[Dataset entries]
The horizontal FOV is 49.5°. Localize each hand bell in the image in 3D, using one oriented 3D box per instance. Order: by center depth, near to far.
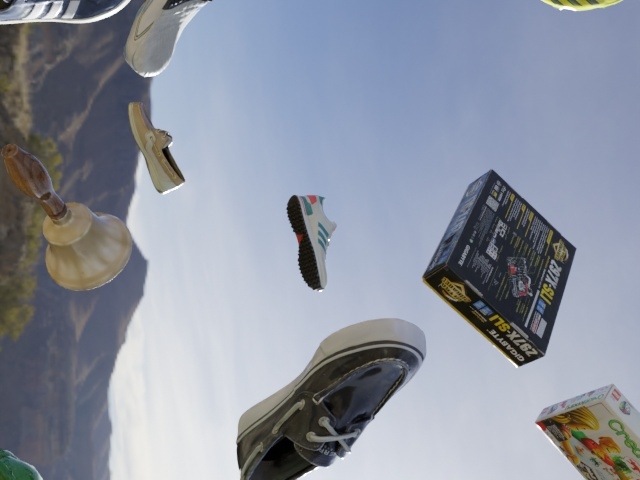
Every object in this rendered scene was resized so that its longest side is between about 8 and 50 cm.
[{"bbox_3d":[-0.343,-0.043,0.887,0.242,0.126,0.126,78,-3,-60],"label":"hand bell"}]

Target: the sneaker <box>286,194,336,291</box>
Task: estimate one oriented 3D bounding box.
[{"bbox_3d":[0.000,0.000,1.129,0.057,0.075,0.161,-27,-104,56],"label":"sneaker"}]

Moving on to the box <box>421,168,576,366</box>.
[{"bbox_3d":[0.360,0.043,1.360,0.079,0.257,0.322,-38,-167,47],"label":"box"}]

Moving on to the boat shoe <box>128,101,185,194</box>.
[{"bbox_3d":[-0.230,-0.135,0.984,0.050,0.045,0.135,-80,152,-74],"label":"boat shoe"}]

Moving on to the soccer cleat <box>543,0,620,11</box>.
[{"bbox_3d":[0.349,-0.443,1.091,0.289,0.121,0.093,27,-92,22],"label":"soccer cleat"}]

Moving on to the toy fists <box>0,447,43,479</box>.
[{"bbox_3d":[-0.327,0.233,0.467,0.096,0.279,0.142,52,-30,15],"label":"toy fists"}]

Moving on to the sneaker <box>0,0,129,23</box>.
[{"bbox_3d":[-0.538,-0.499,1.353,0.148,0.350,0.131,-71,150,-89],"label":"sneaker"}]

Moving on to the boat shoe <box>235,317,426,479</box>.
[{"bbox_3d":[0.004,0.196,0.763,0.301,0.108,0.102,-40,-148,31],"label":"boat shoe"}]

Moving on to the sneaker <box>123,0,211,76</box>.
[{"bbox_3d":[-0.234,-0.369,1.081,0.086,0.085,0.237,46,-73,29],"label":"sneaker"}]

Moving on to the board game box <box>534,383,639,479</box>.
[{"bbox_3d":[0.583,0.427,1.325,0.305,0.053,0.193,49,-37,4],"label":"board game box"}]

» WHAT YOU SHOULD DO
Print the data again, word for word, without any pictures.

» OUTPUT OF THE TASK
The horizontal FOV is 49.5°. Localize each hand bell in the image in 3D, using one oriented 3D box per instance. Order: by center depth, near to far.
Every object in this rendered scene was resized so that its longest side is between about 8 and 50 cm.
[{"bbox_3d":[-0.343,-0.043,0.887,0.242,0.126,0.126,78,-3,-60],"label":"hand bell"}]

Target: the sneaker <box>286,194,336,291</box>
Task: estimate one oriented 3D bounding box.
[{"bbox_3d":[0.000,0.000,1.129,0.057,0.075,0.161,-27,-104,56],"label":"sneaker"}]

Moving on to the box <box>421,168,576,366</box>.
[{"bbox_3d":[0.360,0.043,1.360,0.079,0.257,0.322,-38,-167,47],"label":"box"}]

Moving on to the boat shoe <box>128,101,185,194</box>.
[{"bbox_3d":[-0.230,-0.135,0.984,0.050,0.045,0.135,-80,152,-74],"label":"boat shoe"}]

Moving on to the soccer cleat <box>543,0,620,11</box>.
[{"bbox_3d":[0.349,-0.443,1.091,0.289,0.121,0.093,27,-92,22],"label":"soccer cleat"}]

Moving on to the toy fists <box>0,447,43,479</box>.
[{"bbox_3d":[-0.327,0.233,0.467,0.096,0.279,0.142,52,-30,15],"label":"toy fists"}]

Moving on to the sneaker <box>0,0,129,23</box>.
[{"bbox_3d":[-0.538,-0.499,1.353,0.148,0.350,0.131,-71,150,-89],"label":"sneaker"}]

Moving on to the boat shoe <box>235,317,426,479</box>.
[{"bbox_3d":[0.004,0.196,0.763,0.301,0.108,0.102,-40,-148,31],"label":"boat shoe"}]

Moving on to the sneaker <box>123,0,211,76</box>.
[{"bbox_3d":[-0.234,-0.369,1.081,0.086,0.085,0.237,46,-73,29],"label":"sneaker"}]

Moving on to the board game box <box>534,383,639,479</box>.
[{"bbox_3d":[0.583,0.427,1.325,0.305,0.053,0.193,49,-37,4],"label":"board game box"}]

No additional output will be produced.